#### [WHAT THIS TASK INVOLVES]
How many lines in the records below contain "once"? Reply with the number alone.
"""
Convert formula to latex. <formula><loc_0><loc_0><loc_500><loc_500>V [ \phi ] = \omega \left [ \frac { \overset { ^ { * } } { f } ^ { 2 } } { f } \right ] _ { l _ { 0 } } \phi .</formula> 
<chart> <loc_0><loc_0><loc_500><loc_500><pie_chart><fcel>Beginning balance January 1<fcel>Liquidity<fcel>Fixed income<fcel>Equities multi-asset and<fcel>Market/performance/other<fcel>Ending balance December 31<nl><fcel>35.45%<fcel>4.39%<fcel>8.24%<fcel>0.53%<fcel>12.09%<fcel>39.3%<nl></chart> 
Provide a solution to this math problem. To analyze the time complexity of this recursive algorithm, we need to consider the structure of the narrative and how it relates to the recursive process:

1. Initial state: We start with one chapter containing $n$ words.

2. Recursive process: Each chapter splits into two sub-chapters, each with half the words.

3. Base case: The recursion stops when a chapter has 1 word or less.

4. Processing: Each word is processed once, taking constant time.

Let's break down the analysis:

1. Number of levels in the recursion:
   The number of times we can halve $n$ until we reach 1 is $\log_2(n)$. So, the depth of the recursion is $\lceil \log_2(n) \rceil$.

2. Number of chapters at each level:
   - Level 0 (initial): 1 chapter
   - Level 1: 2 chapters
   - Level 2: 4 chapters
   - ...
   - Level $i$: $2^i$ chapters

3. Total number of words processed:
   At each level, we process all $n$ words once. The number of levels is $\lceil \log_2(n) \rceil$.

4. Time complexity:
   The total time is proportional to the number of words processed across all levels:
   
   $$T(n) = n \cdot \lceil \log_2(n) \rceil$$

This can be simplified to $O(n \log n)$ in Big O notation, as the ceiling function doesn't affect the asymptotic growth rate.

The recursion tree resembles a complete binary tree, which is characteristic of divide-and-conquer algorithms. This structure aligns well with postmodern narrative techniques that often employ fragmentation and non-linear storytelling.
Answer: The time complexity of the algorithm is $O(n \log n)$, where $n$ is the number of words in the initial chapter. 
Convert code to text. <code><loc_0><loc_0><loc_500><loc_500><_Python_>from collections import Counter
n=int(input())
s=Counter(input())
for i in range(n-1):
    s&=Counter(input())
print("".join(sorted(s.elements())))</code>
"""
#### [WRITTEN SOLUTION]
2